Change that by one order of magnitude, and they suddenly they are competing directly with rest of the well established and well funded manufacturers who already sell expensive exotics: Aston Martin, Audi, Ferrari, Lamborghini, Maserati, McLaren, Mercedes Benz, Porsche, etc. Good luck with that.

alfadriver
alfadriver SuperDork
10/1/10 2:00 p.m.
nderwater wrote:
alfadriver wrote: Lotus's real problems is not that only 1 in 1000 has ever heard of them, it's that 1 in 1,000,000 new cars are theirs. Change that by one order of magnitude, and they suddenly have a viable business.
Change that by one order of magnitude, and they suddenly they are competing directly with rest of the well established and well funded manufacturers who already sell expensive exotics: Aston Martin, Audi, Ferrari, Lamborghini, Maserati, McLaren, Mercedes Benz, Porsche, etc. Good luck with that.

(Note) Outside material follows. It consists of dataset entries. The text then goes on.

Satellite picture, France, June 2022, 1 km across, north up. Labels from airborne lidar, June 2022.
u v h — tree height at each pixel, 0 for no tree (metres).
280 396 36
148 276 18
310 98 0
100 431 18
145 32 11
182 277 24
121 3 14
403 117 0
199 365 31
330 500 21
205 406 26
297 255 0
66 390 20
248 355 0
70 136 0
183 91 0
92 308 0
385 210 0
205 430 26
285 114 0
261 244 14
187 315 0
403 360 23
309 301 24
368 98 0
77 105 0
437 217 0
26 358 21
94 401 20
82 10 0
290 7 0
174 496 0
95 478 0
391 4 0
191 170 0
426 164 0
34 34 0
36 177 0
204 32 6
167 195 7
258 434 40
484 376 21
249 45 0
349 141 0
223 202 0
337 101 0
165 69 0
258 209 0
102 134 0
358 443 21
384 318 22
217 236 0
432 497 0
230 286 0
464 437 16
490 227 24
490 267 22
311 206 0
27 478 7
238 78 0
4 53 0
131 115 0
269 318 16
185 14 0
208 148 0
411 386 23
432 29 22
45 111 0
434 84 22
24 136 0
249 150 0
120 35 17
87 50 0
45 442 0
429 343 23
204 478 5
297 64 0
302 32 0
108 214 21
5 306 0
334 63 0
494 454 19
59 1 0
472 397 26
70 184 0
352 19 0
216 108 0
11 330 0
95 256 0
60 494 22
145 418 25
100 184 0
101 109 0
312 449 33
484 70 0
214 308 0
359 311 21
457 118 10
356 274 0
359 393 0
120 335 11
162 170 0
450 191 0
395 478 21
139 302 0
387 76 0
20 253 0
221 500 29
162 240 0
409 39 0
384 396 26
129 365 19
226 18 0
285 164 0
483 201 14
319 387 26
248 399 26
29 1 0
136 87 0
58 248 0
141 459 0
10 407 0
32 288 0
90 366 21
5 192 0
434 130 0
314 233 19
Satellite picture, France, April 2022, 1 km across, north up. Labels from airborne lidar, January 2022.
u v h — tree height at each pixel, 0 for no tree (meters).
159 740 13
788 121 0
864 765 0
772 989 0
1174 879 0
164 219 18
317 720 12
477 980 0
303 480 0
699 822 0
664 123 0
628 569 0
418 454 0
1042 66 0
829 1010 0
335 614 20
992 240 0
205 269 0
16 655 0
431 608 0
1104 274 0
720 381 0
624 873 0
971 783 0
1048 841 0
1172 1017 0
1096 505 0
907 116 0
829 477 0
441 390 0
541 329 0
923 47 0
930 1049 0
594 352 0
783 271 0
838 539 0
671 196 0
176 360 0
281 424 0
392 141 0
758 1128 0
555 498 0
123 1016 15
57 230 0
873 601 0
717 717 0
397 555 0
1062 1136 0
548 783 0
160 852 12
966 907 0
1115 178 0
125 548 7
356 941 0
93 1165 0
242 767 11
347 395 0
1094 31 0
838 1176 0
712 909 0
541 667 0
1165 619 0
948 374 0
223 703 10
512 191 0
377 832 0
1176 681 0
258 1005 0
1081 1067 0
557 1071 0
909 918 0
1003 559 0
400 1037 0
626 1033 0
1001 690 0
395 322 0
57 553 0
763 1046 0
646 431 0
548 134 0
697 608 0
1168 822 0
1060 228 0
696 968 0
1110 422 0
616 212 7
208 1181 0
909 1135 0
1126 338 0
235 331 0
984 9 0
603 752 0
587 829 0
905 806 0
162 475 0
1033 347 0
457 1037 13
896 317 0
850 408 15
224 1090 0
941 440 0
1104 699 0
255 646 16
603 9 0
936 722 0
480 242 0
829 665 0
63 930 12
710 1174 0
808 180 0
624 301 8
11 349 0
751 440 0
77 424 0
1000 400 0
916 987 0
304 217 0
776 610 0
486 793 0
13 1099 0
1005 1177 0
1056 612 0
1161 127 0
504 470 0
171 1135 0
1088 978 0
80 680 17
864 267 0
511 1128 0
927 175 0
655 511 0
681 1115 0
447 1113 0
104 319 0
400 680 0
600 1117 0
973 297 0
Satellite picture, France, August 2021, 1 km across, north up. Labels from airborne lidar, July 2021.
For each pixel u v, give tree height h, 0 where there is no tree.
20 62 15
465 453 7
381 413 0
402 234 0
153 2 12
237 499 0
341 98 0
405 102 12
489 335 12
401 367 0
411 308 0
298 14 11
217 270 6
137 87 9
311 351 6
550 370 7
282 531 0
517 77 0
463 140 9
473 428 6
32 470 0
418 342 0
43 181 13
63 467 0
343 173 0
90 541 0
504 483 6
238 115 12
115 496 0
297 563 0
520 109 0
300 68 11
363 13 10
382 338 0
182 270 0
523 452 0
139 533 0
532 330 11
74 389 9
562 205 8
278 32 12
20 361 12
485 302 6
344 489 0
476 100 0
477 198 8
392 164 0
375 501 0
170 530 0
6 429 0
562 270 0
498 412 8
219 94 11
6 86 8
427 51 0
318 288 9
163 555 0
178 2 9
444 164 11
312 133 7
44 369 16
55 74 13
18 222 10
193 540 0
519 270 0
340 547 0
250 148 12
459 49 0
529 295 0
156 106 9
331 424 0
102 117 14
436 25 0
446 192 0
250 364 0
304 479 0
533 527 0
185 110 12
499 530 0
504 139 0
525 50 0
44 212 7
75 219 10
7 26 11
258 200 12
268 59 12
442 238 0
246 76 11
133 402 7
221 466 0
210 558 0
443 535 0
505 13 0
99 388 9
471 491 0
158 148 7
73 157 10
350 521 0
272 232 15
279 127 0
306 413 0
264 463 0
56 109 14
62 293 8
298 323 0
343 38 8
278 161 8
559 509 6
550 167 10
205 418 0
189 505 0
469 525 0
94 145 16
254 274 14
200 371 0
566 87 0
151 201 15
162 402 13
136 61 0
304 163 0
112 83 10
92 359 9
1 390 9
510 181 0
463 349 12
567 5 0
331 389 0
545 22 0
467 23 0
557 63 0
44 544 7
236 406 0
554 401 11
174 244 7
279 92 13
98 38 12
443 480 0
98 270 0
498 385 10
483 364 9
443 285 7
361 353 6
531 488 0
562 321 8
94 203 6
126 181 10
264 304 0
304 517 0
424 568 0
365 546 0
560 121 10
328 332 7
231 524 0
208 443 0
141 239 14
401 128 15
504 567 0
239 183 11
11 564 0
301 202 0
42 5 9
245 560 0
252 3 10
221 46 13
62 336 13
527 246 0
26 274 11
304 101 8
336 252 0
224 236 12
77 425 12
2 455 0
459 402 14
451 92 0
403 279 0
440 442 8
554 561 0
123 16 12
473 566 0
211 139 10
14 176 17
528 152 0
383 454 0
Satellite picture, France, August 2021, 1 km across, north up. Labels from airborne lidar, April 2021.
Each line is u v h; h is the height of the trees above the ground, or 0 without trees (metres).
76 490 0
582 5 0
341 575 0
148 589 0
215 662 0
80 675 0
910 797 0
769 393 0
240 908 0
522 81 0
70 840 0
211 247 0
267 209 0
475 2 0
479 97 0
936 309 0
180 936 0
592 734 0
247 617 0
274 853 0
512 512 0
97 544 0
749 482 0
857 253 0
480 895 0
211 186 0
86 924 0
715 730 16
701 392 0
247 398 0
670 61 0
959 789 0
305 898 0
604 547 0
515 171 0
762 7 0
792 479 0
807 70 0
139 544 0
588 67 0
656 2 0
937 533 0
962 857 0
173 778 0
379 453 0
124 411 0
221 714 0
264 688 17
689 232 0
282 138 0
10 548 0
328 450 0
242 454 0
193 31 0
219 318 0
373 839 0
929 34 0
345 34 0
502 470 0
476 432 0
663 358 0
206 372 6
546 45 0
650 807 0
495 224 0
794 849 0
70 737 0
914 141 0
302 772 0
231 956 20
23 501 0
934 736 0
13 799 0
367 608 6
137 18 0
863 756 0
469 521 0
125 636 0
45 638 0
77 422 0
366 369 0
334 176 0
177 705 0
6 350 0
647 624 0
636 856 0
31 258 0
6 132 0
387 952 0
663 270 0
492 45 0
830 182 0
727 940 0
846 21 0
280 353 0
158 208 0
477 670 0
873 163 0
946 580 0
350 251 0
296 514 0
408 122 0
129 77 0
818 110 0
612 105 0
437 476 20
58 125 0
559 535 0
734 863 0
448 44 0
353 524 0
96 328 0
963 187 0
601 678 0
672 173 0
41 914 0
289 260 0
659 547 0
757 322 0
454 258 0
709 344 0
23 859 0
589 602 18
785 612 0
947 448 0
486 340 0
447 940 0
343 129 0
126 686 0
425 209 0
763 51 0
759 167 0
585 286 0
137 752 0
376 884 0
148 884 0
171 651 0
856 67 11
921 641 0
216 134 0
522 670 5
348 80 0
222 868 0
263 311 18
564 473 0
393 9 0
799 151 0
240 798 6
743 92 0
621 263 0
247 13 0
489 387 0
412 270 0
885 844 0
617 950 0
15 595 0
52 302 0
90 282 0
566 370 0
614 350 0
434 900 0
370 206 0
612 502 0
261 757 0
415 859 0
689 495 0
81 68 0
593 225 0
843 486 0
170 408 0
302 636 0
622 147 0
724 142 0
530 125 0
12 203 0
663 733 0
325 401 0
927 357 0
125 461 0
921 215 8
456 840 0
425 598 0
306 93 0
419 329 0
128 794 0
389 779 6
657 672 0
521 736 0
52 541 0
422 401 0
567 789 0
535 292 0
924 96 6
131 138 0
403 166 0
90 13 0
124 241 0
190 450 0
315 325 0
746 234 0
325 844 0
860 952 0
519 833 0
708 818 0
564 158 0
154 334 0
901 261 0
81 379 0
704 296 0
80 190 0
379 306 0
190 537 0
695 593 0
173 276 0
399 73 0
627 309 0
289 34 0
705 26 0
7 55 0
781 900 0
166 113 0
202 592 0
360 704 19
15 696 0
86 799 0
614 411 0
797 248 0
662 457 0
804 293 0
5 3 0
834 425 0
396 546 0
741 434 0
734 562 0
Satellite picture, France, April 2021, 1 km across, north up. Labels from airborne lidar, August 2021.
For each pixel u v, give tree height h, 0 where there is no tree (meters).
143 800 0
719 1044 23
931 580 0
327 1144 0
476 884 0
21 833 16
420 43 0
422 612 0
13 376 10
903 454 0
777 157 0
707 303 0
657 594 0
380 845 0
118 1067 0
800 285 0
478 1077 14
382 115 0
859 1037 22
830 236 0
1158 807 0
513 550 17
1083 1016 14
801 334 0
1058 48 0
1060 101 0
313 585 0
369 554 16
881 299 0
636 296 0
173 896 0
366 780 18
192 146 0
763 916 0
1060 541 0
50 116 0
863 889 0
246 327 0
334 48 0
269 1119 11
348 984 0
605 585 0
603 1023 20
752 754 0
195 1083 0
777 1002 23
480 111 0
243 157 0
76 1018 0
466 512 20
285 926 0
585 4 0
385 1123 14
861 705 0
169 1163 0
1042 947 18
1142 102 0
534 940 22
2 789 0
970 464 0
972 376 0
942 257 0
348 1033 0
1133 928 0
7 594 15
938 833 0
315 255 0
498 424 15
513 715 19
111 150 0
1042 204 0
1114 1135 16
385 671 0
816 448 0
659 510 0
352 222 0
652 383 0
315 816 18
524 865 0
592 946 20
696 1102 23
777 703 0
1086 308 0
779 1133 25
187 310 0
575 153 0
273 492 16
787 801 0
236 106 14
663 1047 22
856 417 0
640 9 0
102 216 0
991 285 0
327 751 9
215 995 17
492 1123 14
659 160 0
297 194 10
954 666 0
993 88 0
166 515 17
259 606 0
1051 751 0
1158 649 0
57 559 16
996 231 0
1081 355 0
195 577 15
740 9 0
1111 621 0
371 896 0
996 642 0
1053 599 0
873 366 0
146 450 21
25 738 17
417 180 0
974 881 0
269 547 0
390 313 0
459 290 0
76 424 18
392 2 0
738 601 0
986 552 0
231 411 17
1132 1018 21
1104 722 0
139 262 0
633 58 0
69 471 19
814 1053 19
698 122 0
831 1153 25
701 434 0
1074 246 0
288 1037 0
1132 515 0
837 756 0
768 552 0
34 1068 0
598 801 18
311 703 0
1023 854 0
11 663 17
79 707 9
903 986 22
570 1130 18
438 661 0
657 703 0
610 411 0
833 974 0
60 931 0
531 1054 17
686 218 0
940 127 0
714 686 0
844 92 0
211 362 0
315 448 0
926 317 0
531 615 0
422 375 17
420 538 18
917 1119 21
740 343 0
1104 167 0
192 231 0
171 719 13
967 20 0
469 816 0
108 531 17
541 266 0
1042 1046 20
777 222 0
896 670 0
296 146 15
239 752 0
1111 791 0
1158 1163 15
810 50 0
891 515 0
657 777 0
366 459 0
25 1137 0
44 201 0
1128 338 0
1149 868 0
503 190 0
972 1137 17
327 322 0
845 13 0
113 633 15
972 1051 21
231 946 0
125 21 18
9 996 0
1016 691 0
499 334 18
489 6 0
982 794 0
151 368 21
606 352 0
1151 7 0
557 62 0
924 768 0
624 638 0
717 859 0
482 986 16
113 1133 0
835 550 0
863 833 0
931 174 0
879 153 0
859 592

At the prices they sell the cars at, they need to change the number by two orders of magnitude. Otherwise- they ARE up against the high volume exotics. None of which live on their own (P cars came the closest, but otherwise, all are owned by a parent now- MB doesn't count).

Ian F
Ian F Dork
10/1/10 3:17 p.m.

In reply to Schmidlap:

I agree with everything Bob says, but still... it would be nice if one Lotus car stayed true to the original vision... maybe at a low enough price-point that I could consider buying one.

Twin_Cam
Twin_Cam Dork
10/1/10 6:11 p.m.
Schmidlap wrote: This is their "holy crap, we're no longer the only player in the 'super light, stripped down car targeted at 0.000001% of the public'

They aren't?

mblommel
mblommel GRM+ Memberand Reader
10/1/10 6:18 p.m.

Perhaps the "old, out of date" Elises will drop in price. I would guess the typical douchebag exotic car buyer they now seem to be persuing would have no need for something that is clearly not the latest model, with no paddle shift or cupholders. I'm sad for the demise of the true Lotus ideals. I guess you can always still buy a Caterham, Atom or similar.

GameboyRMH
GameboyRMH GRM+ Memberand SuperDork
10/1/10 8:26 p.m.

I saw it and came crying over here right away. RIP Elise

I usually like the angular hyper-futuristic cars but this one's butt ugly.

GameboyRMH
GameboyRMH GRM+ Memberand SuperDork
10/1/10 8:35 p.m.
Schmidlap wrote: Can I counter all this doom and gloom about Lotus with the 3190lb, 620hp KERS equipped 2013 Esprit? http://www.insideline.com/lotus/esprit/lotus-esprit-concept-2010-paris-auto-show.html

3190lbs? Not really

nderwater
nderwater HalfDork
10/1/10 8:59 p.m.

I was depressed when I first heard that the current Evora was just shy of 3,000 pounds. In stretching the chassis a few inches, swapping the i4 for a v6, and upgrading the interior, the car gained about a thousand pounds on the Elise, though it is built using the same architecture.

wcelliot
wcelliot HalfDork
10/1/10 10:12 p.m.

I'm glad you asked that, 'cause I was going to, too. Complain all you want- but if you never buy a new car, you do know that your opinion is moot, right?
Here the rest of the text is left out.